A participação dessas empresas no financiamento de projetos de IA já disparou. Até mesmo corporações como a Meta, que por muitos anos financiaram seus investimentos com fluxo de caixa, mudaram suas práticas financeiras. Para construir o data center Hyperion, na Louisiana, a Meta, em conjunto com a empresa de investimentos e coproprietária Blue Owl Capital, gastará mais de US$ 26 bilhões em capital emprestado – a Meta investiu US$ 6 bilhões de seu próprio capital. A situação da dívida em empresas de IA de segunda e terceira linha parece muito mais dramática. “Mesmo a pequena empresa britânica de IA em nuvem, Fluidstack, que empregava apenas dez pessoas no ano passado, teria tomado emprestado até US$ 10 bilhões do banco de investimentos australiano Macquarie”, noticiou o Frankfurter Allgemeine Zeitung (FAZ) no início de novembro. Os chips de IA da empresa servem como garantia.

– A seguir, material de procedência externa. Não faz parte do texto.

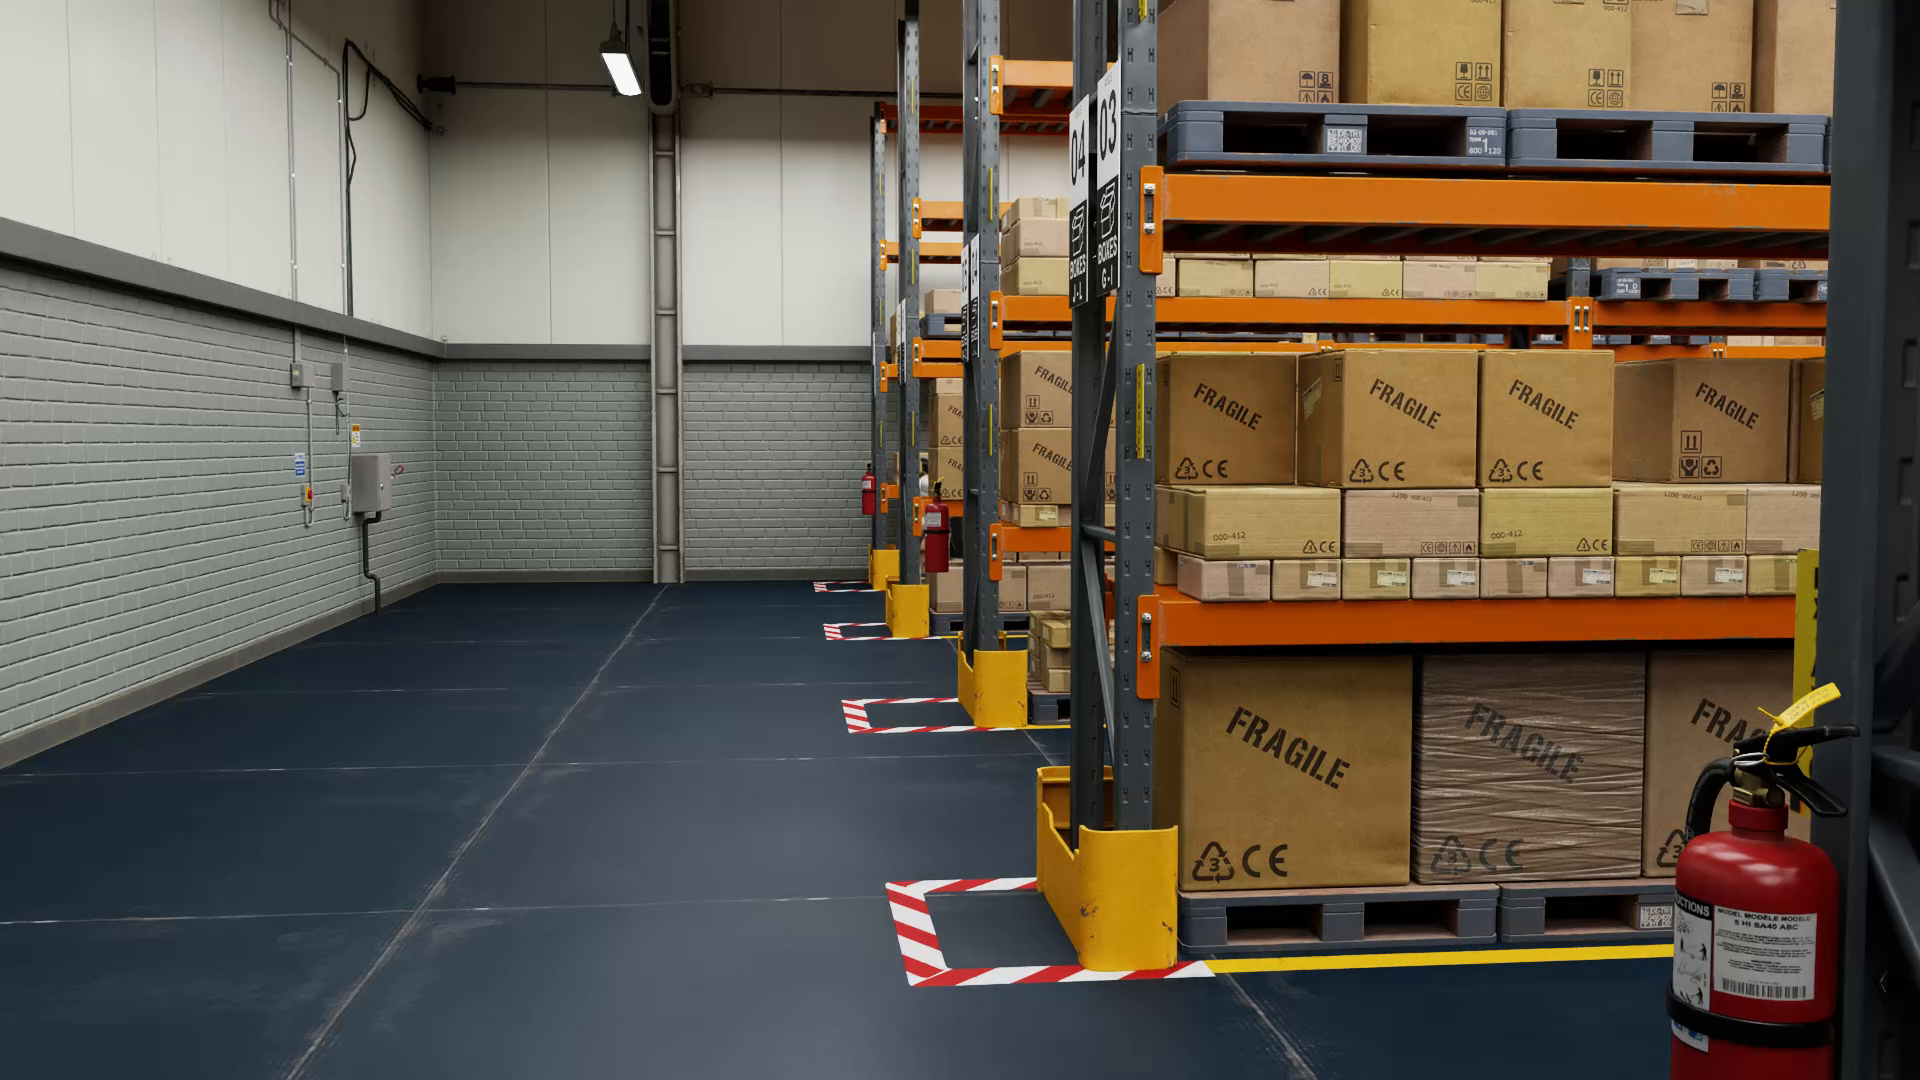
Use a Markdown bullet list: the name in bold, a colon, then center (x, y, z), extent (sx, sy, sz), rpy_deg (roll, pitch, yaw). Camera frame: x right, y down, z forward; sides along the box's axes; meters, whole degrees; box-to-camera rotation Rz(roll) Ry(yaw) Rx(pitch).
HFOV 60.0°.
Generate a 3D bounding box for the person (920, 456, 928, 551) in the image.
- **person**: center (-0.398, -0.114, 19.011), extent (0.536, 1.698, 0.413), rpy_deg (0, 3, -5)

Particularidades da bolha de IA
O enorme fluxo de recursos financeiros externos para alimentar a euforia em torno do setor de IA depende, naturalmente, da manutenção das expectativas de retorno dos investidores. O fator decisivo é a evolução do faturamento. De acordo com uma previsão da consultoria Bain & Company de setembro, as empresas de IA precisam gerar US$ 2 trilhões em receita por ano até 2030 para que se tornem lucrativas. No entanto, a líder de mercado Open AI atingiu apenas US$ 4,3 bilhões em faturamento no primeiro semestre de 2025.
Será que o negócio com aplicativos comerciais de IA vai realmente crescer tão rapidamente para atingir essa escala exorbitante? Isso é duvidoso, pois a euforia dos potenciais usuários de IA com alto poder aquisitivo já diminuiu. Se dermos crédito ao estudo “State of AI in Business 2025” do Massachusetts Institute of Technology, 95% das empresas que começaram a trabalhar com IA ainda não registraram nenhum aumento de produtividade ou crescimento.
Trata-se provavelmente um fenômeno transitório. Leva tempo para adaptar os processos operacionais à IA, e os funcionários, que temem perder seus empregos, resistem à mudança. Børge Brende, presidente do Fórum Econômico Mundial (WEF), espera um aumento de produtividade de até 10% no longo prazo com o uso da IA, o que significa redução de postos de trabalho. Isso, no entanto, exige perseverança, e lucratividade provavelmente continuará inatingível para a maioria dos fornecedores de IA. Como diz a revista The Economist, “mesmo que a tecnologia explore todo o seu potencial, muita gente perderá tudo”.
Isso é ainda mais provável dado o ritmo acelerado do desenvolvimento tecnológico no setor de IA, que ameaça de obsolescência equipamentos e produtos muito mais rápido do que seus custos podem ser amortizados – uma ameaça a todos os investimentos em IA. Não há nada de novo no fato de o progresso tecnológico levar à desvalorização do capital existente. Marx já analisou esse processo e lhe deu o nome peculiar de “desgaste moral”. No entanto, esse desgaste por muito tempo limitava-se aos meios de produção. Além disso, ele ocorria aos poucos e permanecia parcial. Com a IA, a situação é diferente. Por um lado, mesmo os produtos criados com uma enorme aplicação de recursos se tornam obsoletos rapidamente. Uma geração de ferramentas de IA sucede a outra, tornando o esforço de desenvolvimento das ferramentas obsoletas economicamente inútil. Por outro lado, na sequência de avanços tecnológicos, uma infraestrutura de IA que ontem era ultramoderna amanhã já pode ser descartada.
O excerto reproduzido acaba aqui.